Ночью она погладила меня по волосам, но я притворился спящим. А потом заснул по-настоящему, впервые за эту неделю, — но утром не сказал ей об этом.
Наши отношения, особенно вначале, были странными. Семь месяцев прошло, пока мы по-настоящему полюбили друг друга, и любовь эта продолжалась почти целый год. Пока не исчезла.
Сперва мы видались нечасто, словно прежде, чем перейти к естественным, регулярным отношениям, необходимо было дать некий серьезный обет. (Именно этого я и боялся.)
Кроме того, был тот, другой Макс. Если честно, я игнорировал факт его существования. Для проформы я притворялся, что блюду его интересы — не раз, при помощи разных хитростей, я убеждался в постоянстве Сабины, — и вдобавок позволял себе полагаться на благотворные перемены. Казалось, она не слишком встревожена возникшей дилеммой, из чего я скоро сделал вывод, что другого Макса можно не принимать во внимание.
Она звонила часто. Наскоро пересказывала какую-то смешную историю или по нескольку раз спрашивала моего мнения по тому или иному вопросу. Но любила держать меня на известном расстоянии, сохраняя полную независимость. Она была непредсказуема, но ощущение опасности не уменьшало мой энтузиазм, я не мог заставить себя смирить нетерпение, не идти ей навстречу.
За кого она меня принимала?
Когда я звонил ей, у меня всегда был готов план действий. Кино, или обед вдвоем, или театр. Некая цель. Нам не удавалось встречаться чаще чем раз в три недели.
Ясно: «другой» Макс служил удобной отговоркой.
Удивительна была чистота, с которой она шла мне навстречу, и это давало мне время собраться с силами, чтобы видеться с ней, а потом — чтобы прийти в себя. Почти двадцать дней ушло только на то, чтобы убедить себя в романтических чувствах и в том, что я действительно хочу ее видеть. Что я смогу это перенести.

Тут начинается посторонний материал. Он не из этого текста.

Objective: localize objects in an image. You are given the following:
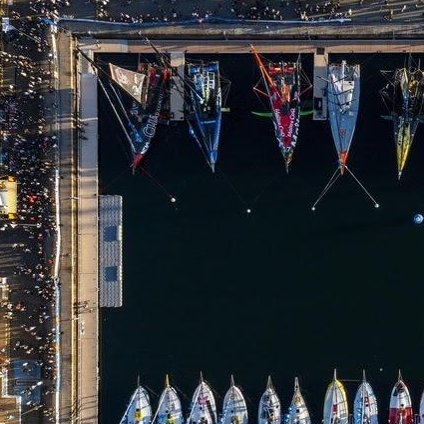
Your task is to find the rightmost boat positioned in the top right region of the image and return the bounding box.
[376,49,424,180]
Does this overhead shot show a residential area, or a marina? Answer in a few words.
marina

Она оказалась для меня слишком открытой, слишком любопытной, почти неуправляемой. О своей работе в музее Анны Франк она говорила так, словно это была некая миссия. Называла музей: Дом. Всякую историю о своем отце, всякий вопрос о моем начинался с рассказа о том, что случилось у нее на службе.

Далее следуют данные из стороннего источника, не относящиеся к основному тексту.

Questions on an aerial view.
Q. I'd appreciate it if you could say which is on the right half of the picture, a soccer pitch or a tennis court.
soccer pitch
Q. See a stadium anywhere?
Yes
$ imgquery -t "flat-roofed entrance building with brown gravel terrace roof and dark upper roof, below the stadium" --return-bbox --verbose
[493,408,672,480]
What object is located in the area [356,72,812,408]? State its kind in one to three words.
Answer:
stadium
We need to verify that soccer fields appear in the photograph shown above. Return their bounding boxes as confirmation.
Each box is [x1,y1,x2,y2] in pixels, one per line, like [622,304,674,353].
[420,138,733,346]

Я изо всех сил старался сдерживать Сабину, обходить ее вопросы, вести легкую беседу. Я не хотел знать о ней столько, сколько она хотела узнать обо мне.
Ведь мы
И все равно я продолжал ей звонить. Отчего-то я знал, что она принадлежит мне. Под ее серьезностью, озабоченностью проблемами добра и зла, интересом к своему и моему отцу, который я находил навязчивой идеей, лежало бескрайнее море чувств. Она могла, как ребенок, взорваться безумным, заразительным хохотом, ничего не оставлявшим от ее серьезности. Могла смеяться над собой: мне вспоминается море самопородий. Она обожала детские шалости. Она иронизировала в мой адрес, анализировала меня, издевалась надо мной. Если честно, мы были не друзьями, но буйными насмешниками. Я обожал поддразнивать ее, и она с удовольствием позволяла мне это.
Ее серьезность делала меня острым и точным, ее патетика — трезвым и сильным, а смех служил нам обоим защитой от всего этого.
Предательство. Это слово вошло в мою плоть и кровь. Оно грозно выглядывало отовсюду. В нем одном было слишком много слов. А когда их слишком много, в словах можно потонуть, можно раствориться. Я охранял свои тайны, я боялся пораниться и молчал.